Elise snorted, unimpressed—or at least not betraying anything to the contrary. If she and Dorothy were going to be friends, and it seemed they should be considering their predicament, Dorothy would have to stop acting like a super being in a land of mere mortals.

The words of the man in black rose to Elise's mind...

"For a 'god', you certainly don't speak particularly good Wysterian," Elise scoffed as she got up. "The word 'trying' has a 'G', you know, as do all other words ending in 'I N G'!"

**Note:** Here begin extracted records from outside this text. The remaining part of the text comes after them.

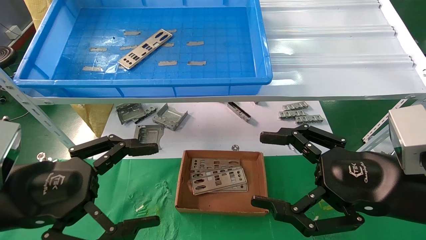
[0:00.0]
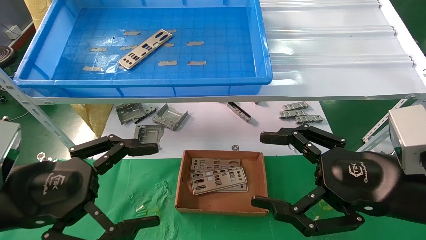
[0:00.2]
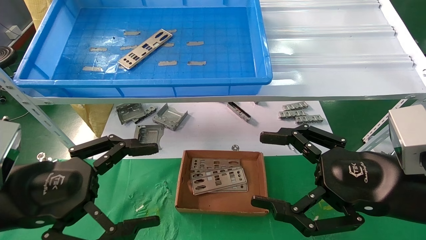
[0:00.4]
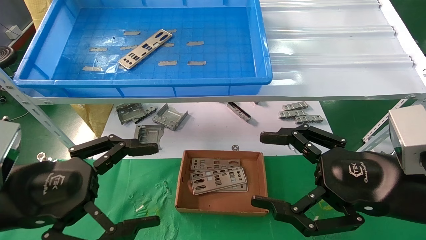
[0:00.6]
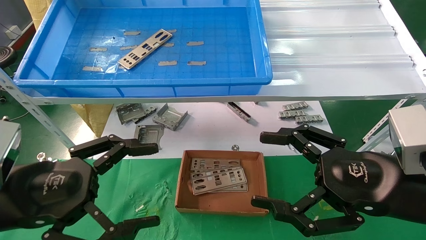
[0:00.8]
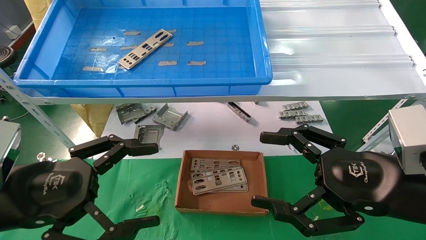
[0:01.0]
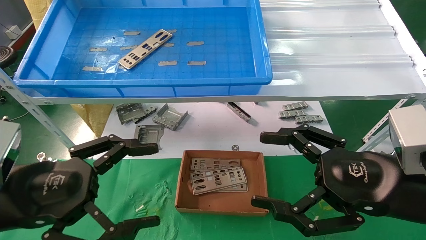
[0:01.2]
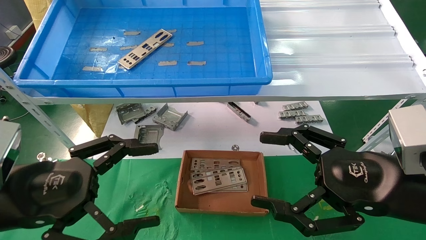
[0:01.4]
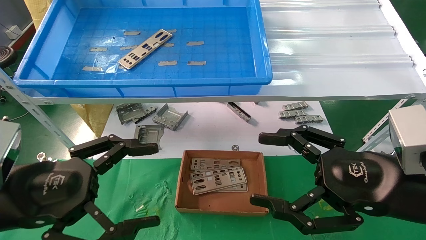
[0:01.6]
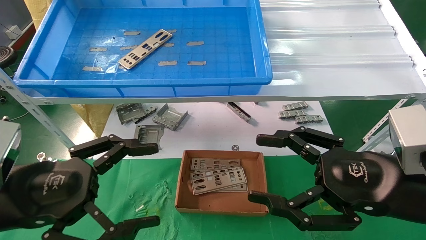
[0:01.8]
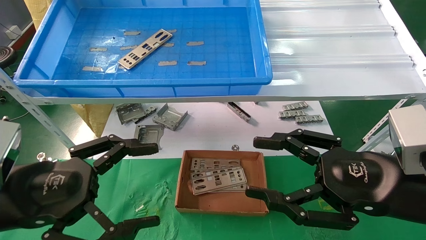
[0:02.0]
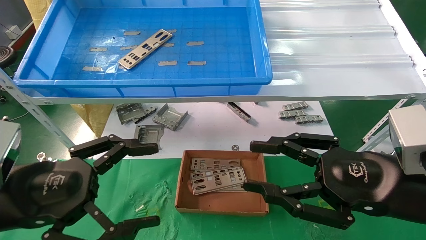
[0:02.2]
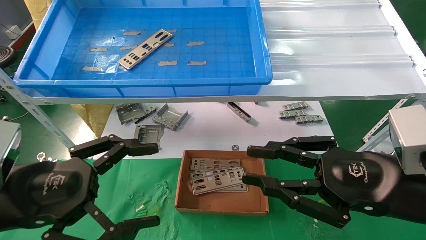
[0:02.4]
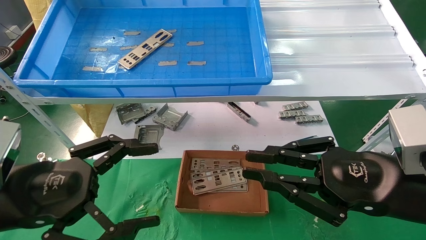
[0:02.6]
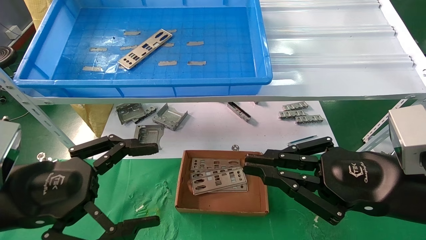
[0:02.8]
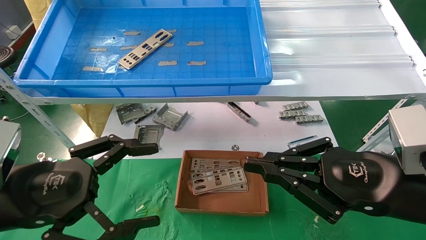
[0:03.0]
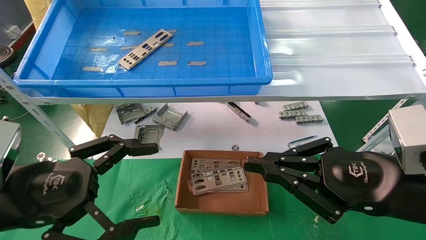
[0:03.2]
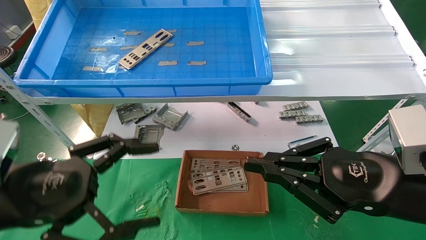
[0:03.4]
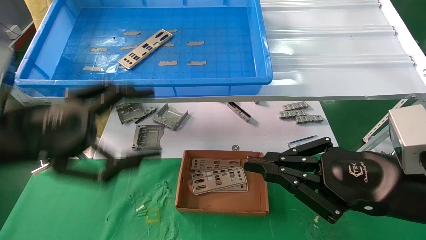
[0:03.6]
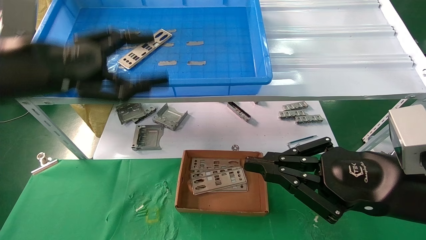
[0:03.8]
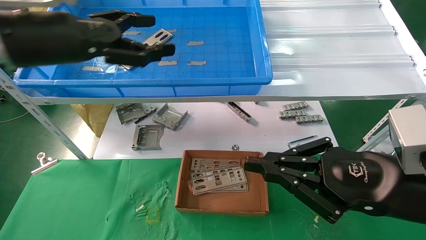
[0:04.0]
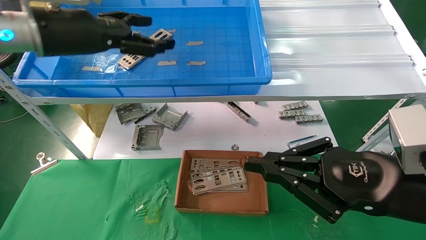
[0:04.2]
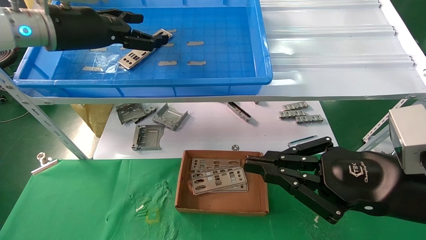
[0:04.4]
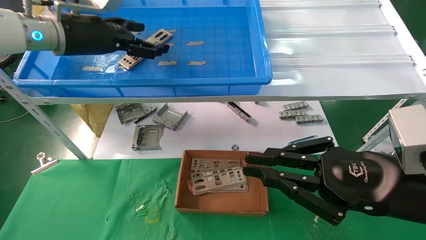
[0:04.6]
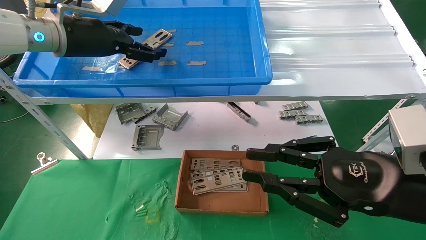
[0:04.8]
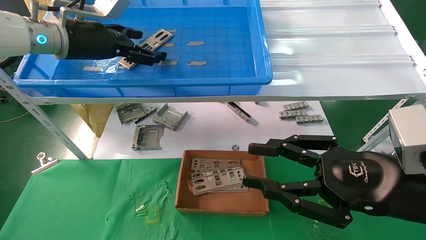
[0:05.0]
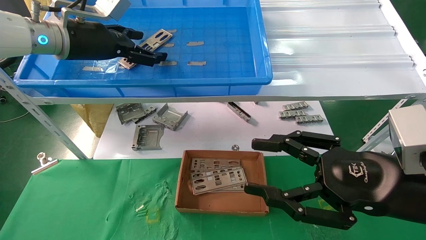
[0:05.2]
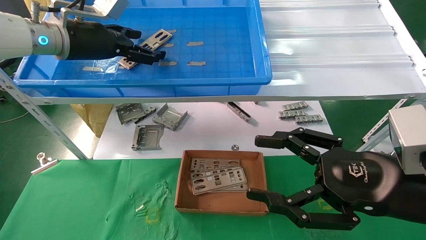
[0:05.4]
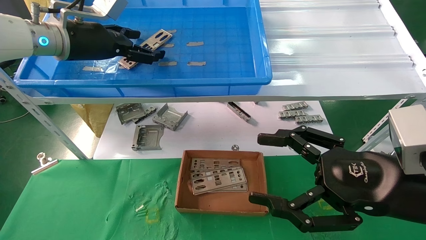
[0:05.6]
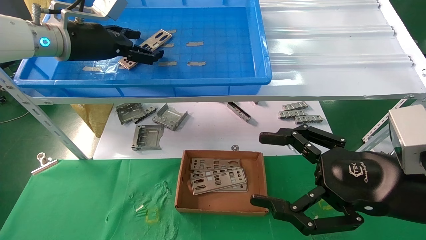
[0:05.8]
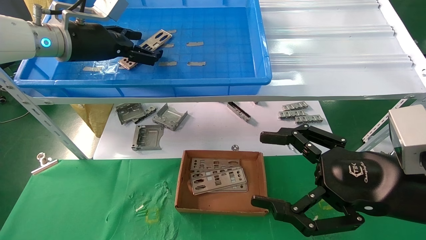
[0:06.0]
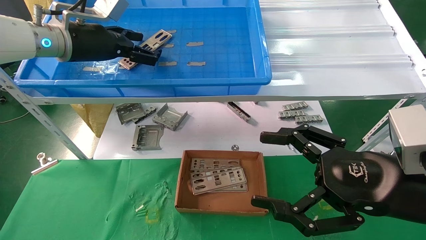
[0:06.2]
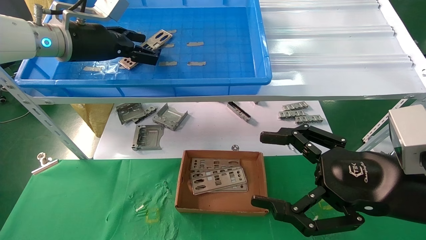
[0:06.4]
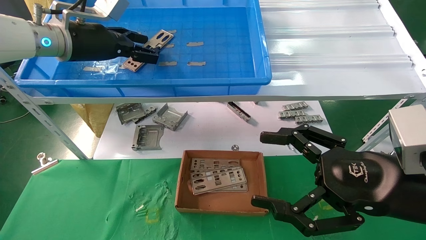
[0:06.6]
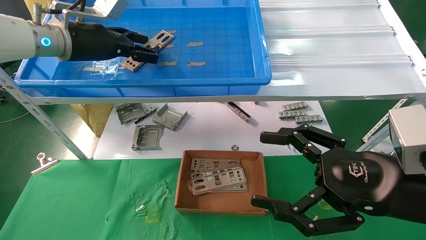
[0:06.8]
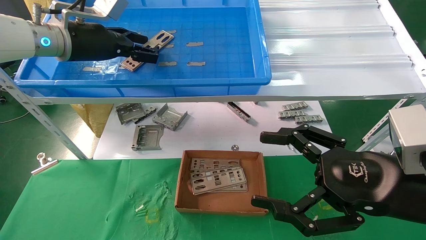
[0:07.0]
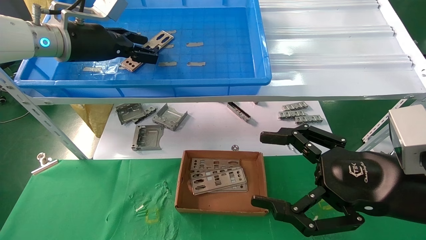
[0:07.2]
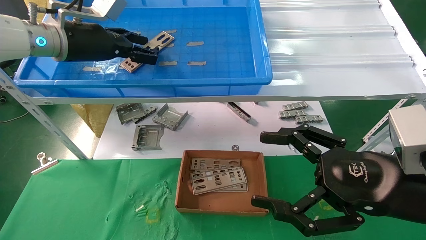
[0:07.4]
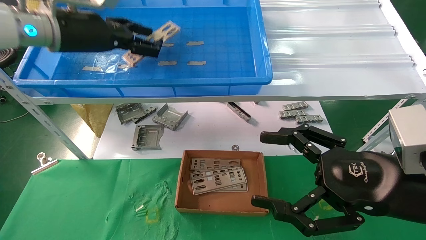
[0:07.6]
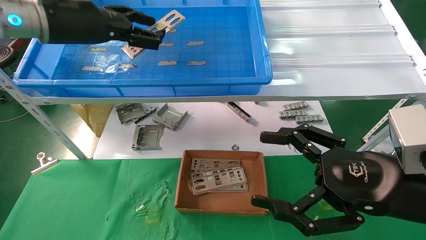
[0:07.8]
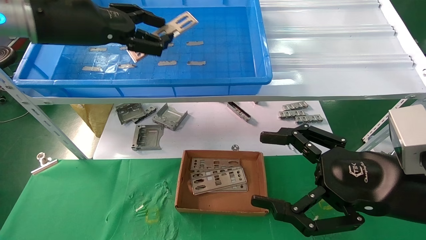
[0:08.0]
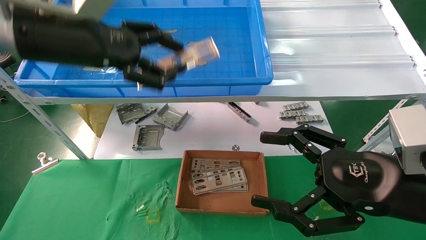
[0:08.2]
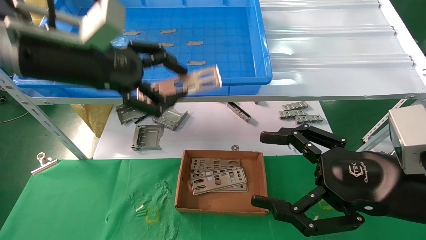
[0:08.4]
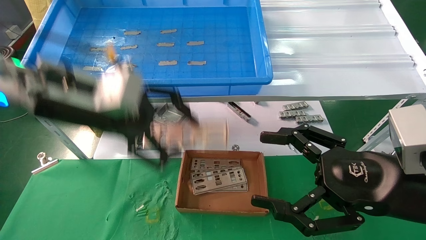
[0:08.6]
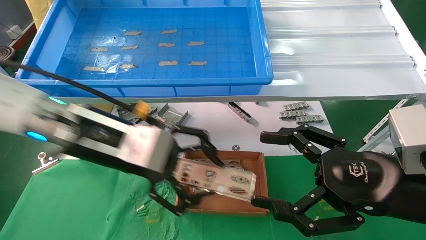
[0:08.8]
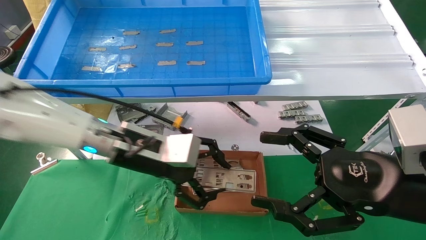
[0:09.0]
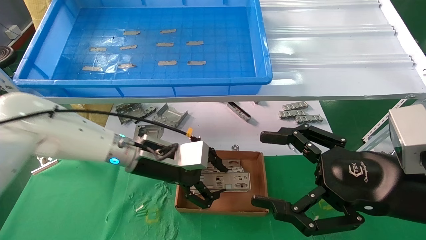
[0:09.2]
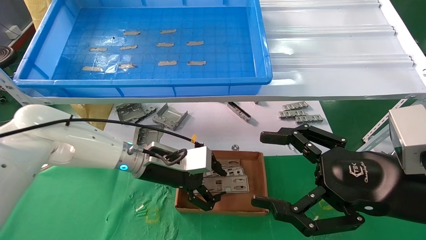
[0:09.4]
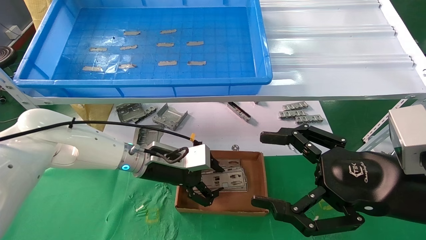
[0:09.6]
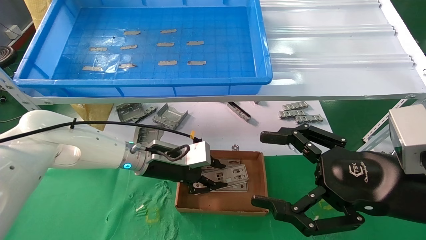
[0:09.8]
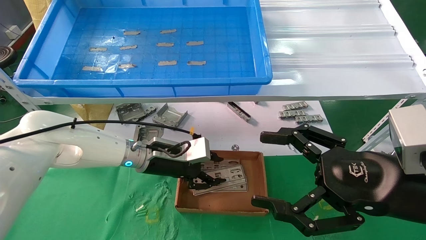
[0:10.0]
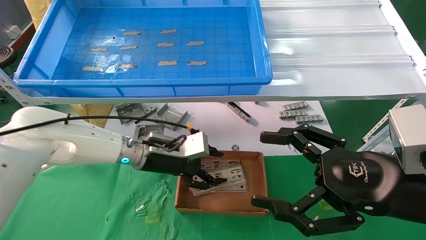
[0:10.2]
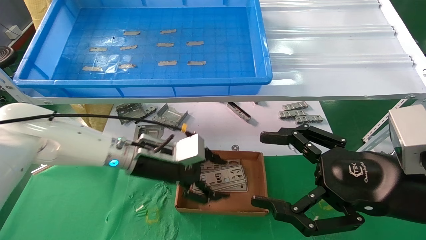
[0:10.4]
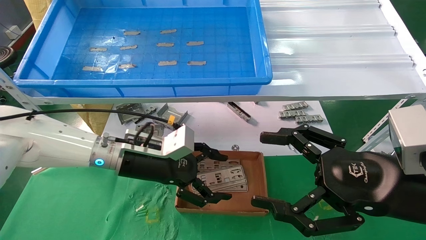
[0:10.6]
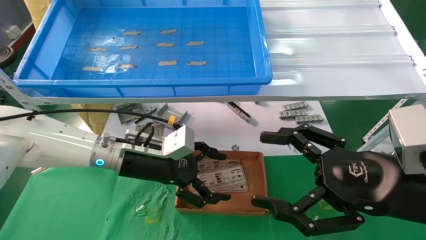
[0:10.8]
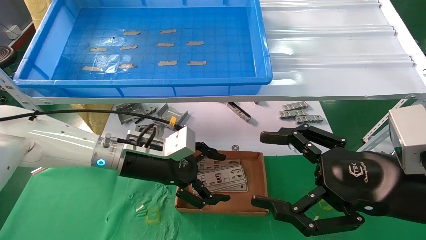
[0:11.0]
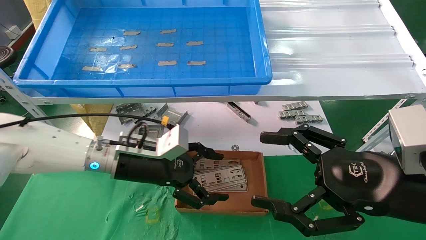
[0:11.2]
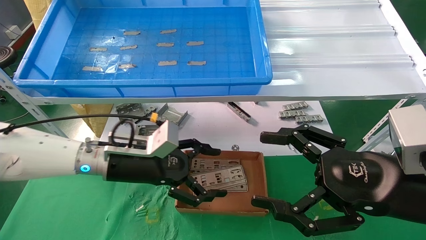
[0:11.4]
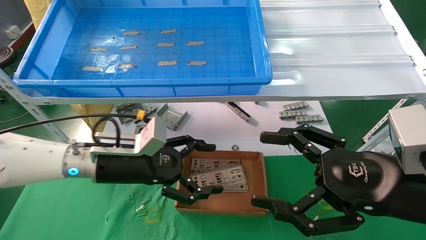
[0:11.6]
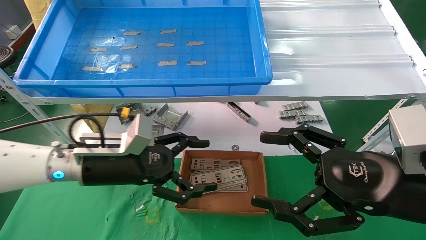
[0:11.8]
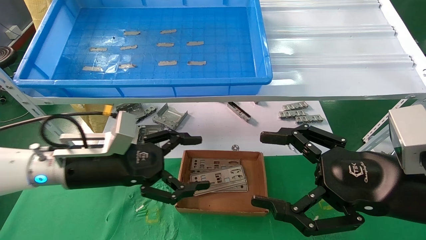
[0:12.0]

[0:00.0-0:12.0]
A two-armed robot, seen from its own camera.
Task of the whole recording: pick up the parts on the tray and put them in the cardboard box.
Step, 0:03.8 to 0:06.8: Pick up the IO bracket from the container box.
Step, 0:07.0 to 0:10.2: Place the IO bracket into the ingredient slot.
0:00.0 to 0:01.6: Both grippers stay about where they are.
0:01.6 to 0:03.0: The right gripper closes its fingers.
0:03.0 to 0:04.4: The left gripper is displaced forward and upward by approximately 25 cm.
0:04.4 to 0:06.0: The right gripper opens up.
0:06.0 to 0:07.6: The left gripper closes.
0:07.6 to 0:09.0: The left gripper heads downward and to the right, covering roughly 20 cm.
0:09.0 to 0:10.4: The left gripper is displaced downward by approximately 5 cm, and opens up.
0:10.4 to 0:12.0: The left gripper goes about 10 cm to the left and backward, and opens.

Obviously Dorothy had offended Elise, and although she had basically done it on purpose, Dorothy didn't know why she had done it on purpose. "What's that you got?" she asked more conversationally, perhaps to diffuse the situation.

With a curt glance over her shoulder, Elise saw the witch referred to the lavender stone on the ground.

"Oh, you know, just something I came across," said the girl. "Using your superior mind why don't you—brain scan it or something?"

A hateful presence yawned within the witch. Shutting her book with a great thump, she stood up and strode toward the stone. Elise wisely didn't get in her way.

"It's a moonstone," Dorothy said examining it.

"What's a moonstone?" A curious girl, Elise couldn't help but ask.

Dorothy didn't remove the stinger-like golden bangs that had fallen into her eyes. With dexterous fingers she turned the shard end over end, then clenched it tight.